Les différences et les convergences entre
concepts, définitions et cadres théoriques
d’Economie Sociale Solidaire
Le RIPESS (Réseau Intercontinental de Promotion de l'Economie Sociale Solidaire) propose ce
document de travail comme point de départ pour le dialogue sur les concepts, les définitions et les
cadres de l'économie sociale solidaire (ESS). Il s'agit d'un document de base pour guider le
processus de consultation qui vise à clarifier nos visions et conceptions de l'ESS, afin d'aller vers
une plus grande convergence lorsque cela est possible, et de comprendre plus clairement les
divergences qui subsistent. Nous invitons chaque continent à s'engager dans un processus de
dialogue et l'élaboration d'un document de synthèse animé grâce à la coordination de nos réseaux
d'ESS membres sur chaque continent. Ces rapports serviront au débat sur la Vision de l’économie
sociale solidaire à l’occasion de la 5ème Réunion internationale sur l'économie sociale solidaire qui
aura lieu du 15 au 18 Octobre 2013, à Manille, aux Philippines.
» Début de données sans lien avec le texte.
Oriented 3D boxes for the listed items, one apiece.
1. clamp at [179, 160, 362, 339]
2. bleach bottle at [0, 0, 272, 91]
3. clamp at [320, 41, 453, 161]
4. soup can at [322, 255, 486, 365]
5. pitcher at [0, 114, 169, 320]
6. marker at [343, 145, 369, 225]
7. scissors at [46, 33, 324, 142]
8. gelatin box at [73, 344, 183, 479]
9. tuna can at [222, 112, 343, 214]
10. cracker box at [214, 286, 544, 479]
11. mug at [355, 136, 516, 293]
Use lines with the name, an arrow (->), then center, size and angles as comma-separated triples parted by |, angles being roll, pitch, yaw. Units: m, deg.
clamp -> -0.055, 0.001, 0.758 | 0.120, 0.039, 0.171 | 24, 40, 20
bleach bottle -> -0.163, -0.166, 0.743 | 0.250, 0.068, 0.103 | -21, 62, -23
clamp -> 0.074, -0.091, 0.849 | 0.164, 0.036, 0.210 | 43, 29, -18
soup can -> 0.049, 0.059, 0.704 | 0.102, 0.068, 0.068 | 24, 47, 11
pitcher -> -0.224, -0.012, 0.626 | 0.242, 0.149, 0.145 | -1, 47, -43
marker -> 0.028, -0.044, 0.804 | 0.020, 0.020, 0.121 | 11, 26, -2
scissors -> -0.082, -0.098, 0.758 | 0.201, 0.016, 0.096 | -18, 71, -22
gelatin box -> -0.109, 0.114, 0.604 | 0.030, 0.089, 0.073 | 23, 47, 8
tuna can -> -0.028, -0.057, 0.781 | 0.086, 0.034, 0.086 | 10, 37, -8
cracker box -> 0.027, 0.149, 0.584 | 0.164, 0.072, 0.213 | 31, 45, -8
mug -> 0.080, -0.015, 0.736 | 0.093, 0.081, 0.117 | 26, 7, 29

Ce document de travail est issu des discussions qui ont eu lieu lors de la rencontre du CA du
RIPESS à Paris, du 28 au 31 mars 2011. Notre groupe a eu l’intention d’explorer les concepts
d’économie solidaire, les définitions et cadres théoriques utilisés dans les différents continents et
pays. Suite à une session du CA dans son ensemble et de quelques invités, un groupe de travail1
s’est réuni pour tenter de clarifier et d’articuler les convergences et les différences. Notre but était
d’approfondir notre compréhension des concepts des uns et des autres et les spécificités des
contextes locaux, plutôt que de rechercher un consensus sur un seul concept ou définition. Nous
avons trouvé cependant que ce qui souvent apparaît de prime abord comme une différence, disparaît
ou se rétrécit considérablement au cours d’un processus d’exploration approfondie.
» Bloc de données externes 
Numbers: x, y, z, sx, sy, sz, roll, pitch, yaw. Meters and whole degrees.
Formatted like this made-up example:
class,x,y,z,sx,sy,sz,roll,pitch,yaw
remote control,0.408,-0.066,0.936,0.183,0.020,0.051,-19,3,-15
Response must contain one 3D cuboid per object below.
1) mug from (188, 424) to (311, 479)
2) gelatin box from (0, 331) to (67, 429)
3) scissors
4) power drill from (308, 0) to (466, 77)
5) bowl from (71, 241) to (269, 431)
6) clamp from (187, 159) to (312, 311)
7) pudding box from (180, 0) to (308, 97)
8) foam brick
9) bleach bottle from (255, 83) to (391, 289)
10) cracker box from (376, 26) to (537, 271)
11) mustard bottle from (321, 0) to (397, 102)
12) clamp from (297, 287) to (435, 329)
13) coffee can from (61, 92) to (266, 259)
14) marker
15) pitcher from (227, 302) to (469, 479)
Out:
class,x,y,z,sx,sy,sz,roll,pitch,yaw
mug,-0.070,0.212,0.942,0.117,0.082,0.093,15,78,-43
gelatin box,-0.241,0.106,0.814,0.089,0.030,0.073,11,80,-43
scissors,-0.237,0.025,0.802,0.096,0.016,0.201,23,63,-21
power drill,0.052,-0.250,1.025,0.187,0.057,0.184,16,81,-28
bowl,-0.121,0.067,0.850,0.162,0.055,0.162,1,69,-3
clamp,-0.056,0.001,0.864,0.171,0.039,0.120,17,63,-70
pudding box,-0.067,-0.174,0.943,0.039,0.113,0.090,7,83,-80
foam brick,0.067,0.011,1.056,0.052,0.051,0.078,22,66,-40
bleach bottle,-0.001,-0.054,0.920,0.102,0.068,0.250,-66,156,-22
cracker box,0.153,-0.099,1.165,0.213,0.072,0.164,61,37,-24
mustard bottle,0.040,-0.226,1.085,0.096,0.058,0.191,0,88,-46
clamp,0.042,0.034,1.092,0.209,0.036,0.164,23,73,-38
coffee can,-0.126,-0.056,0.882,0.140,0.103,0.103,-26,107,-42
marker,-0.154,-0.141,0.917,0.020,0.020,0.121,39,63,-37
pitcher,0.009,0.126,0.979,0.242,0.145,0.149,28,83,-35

Nous nous sommes mis d’accord sur les aspects principaux de l’économie sociale solidaire :
1) L’Economie Sociale Solidaire représente une alternative au capitalisme ainsi qu’à d’autres
systèmes économiques autoritaires et dominés par l’Etat, au sein de laquelle les gens ordinaires
jouent un rôle actif qui donnent forme à leur vie économique. L’ESS existe dans tous les secteurs de
l’économie : la production, la finance, la distribution et l’échange, et dans la consommation.
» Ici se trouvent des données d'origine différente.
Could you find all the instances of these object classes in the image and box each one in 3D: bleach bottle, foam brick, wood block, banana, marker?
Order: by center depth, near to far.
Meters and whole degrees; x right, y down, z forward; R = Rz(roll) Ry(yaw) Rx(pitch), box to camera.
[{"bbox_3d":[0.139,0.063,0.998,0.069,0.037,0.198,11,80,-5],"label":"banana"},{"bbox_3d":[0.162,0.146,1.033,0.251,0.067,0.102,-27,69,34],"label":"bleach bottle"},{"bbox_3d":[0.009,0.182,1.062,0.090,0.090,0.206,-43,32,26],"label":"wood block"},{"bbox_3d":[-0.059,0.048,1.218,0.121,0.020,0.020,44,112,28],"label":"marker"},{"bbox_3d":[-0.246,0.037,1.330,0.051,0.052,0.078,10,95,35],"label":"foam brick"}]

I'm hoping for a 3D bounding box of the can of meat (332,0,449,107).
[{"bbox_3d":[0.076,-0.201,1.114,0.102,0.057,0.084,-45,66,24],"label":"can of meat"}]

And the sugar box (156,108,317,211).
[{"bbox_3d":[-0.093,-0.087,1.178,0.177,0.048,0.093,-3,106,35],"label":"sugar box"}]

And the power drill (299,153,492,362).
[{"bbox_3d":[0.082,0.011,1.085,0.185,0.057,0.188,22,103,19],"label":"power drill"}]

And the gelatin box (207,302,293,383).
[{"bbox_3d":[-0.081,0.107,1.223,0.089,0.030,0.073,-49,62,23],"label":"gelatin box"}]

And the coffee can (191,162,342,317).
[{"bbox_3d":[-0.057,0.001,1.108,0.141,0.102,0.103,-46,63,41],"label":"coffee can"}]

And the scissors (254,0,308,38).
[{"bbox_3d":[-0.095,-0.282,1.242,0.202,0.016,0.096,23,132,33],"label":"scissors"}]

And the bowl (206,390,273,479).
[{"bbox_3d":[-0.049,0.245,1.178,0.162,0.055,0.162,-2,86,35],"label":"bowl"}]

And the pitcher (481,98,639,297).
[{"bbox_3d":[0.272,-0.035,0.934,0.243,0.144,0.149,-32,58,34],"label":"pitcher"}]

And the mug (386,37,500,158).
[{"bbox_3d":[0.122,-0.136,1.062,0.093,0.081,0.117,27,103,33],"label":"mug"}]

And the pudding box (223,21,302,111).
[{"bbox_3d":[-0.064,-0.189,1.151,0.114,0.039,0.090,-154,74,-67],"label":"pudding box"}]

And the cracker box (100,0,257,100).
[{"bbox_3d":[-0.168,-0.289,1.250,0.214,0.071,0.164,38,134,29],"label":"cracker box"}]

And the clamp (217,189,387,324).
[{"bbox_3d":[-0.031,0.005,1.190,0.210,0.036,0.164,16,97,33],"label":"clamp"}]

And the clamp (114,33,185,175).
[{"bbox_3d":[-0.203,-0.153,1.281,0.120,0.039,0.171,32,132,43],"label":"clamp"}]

2) L’Economie Sociale Solidaire est une approche éthique et basée sur des valeurs du
développement économique qui met la priorité sur le bien-être des êtres humains et de la planète
(par exemple, le concept d’Indice du Bonheur et de buen vivir -vivre en harmonie avec les autres
peuples et avec la Terre Mère), plutôt que sur le profit et la croissance aveugle. Nous réaffirmons
les valeurs exprimées dans la Charte du Ripess qui incluent :
a. l’humanisme;
b. la solidarité/mutualisme/coopération/réciprocité, y compris la globalisation de la solidarité
(antiimpérialisme);
c. une démocratie sociale, politique et économique;
d. l’équité/la justice pour tous y compris les dimensions de genre, race, ethnie, classe, âge,
orientation sexuelle, etc.;
e. le développement durable;
f. le pluralisme/inclusivité/diversité/créativité;
g. la Territorialité/développement local/subsidiarité qui est à la base de la prise de décision et de la
gestion à un niveau aussi local que possible.
3) L’Autogestion et la propriété collective sur le lieu de travail et dans la communauté sont des
éléments centraux de l’économie solidaire.
a. Il existe de très nombreuses manifestations de l’autogestion et des formes de propriété collective
qui comprennent : les coopératives (de travailleurs, producteurs, consommateurs, de crédit, de
logement, etc.), des entreprises dont la communauté est propriétaire, des « biens communs »
(gouvernance participative, comme par exemple la gestion communautaire des forêts au Népal).
4) L’économie solidaire met l’accent sur l’empowerment des femmes et des groupes marginalisés,
ainsi que sur le travail de lutte contre la pauvreté et d’inclusion sociale.
5) Nous reconnaissons l’importance de développer les liens avec les mouvements sociaux qui
luttent pour la justice sociale et économique tels que les luttes des femmes, des travailleurs, réforme
agraire, petits agriculteurs, les pauvres, les indigènes et les mouvements environnementaux.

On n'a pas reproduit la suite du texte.